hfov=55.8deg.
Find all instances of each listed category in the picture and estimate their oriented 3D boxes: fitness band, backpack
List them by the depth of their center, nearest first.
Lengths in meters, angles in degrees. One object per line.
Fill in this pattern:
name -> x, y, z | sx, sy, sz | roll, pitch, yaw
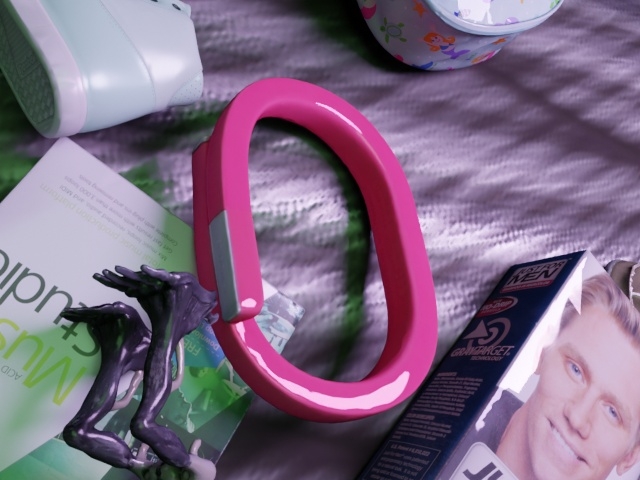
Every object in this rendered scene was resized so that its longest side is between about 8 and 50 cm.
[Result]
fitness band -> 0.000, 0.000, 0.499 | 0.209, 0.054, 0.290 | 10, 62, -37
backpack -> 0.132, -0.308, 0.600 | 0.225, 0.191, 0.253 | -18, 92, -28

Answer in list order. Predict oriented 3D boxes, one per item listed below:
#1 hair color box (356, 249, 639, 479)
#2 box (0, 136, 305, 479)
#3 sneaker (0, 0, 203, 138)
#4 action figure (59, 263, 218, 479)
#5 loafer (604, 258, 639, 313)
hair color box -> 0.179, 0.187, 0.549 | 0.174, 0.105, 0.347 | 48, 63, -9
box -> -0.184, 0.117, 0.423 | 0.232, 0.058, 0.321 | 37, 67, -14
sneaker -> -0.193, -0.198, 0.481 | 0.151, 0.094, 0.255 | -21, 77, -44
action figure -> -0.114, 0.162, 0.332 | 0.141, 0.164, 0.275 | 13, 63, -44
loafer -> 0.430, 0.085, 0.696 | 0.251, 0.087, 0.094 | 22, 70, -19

────────────────────

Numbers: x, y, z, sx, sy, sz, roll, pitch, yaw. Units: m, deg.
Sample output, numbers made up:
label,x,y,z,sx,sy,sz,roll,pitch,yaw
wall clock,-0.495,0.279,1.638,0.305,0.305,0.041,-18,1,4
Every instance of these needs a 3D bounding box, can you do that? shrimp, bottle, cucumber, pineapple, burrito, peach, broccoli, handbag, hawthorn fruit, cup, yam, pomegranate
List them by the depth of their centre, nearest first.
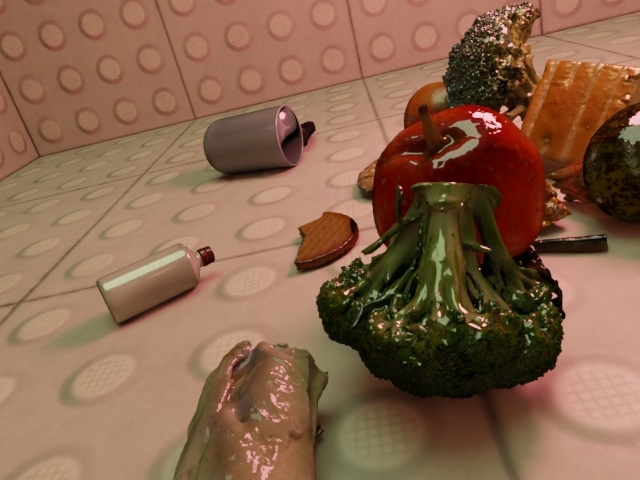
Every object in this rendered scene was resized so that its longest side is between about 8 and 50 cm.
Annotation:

────────────────────

[Your task] Every line above that holds the string "depth" should be returned.

[Response area]
List them by the depth of their center, nearest first.
List them by the depth of their centre, nearest first.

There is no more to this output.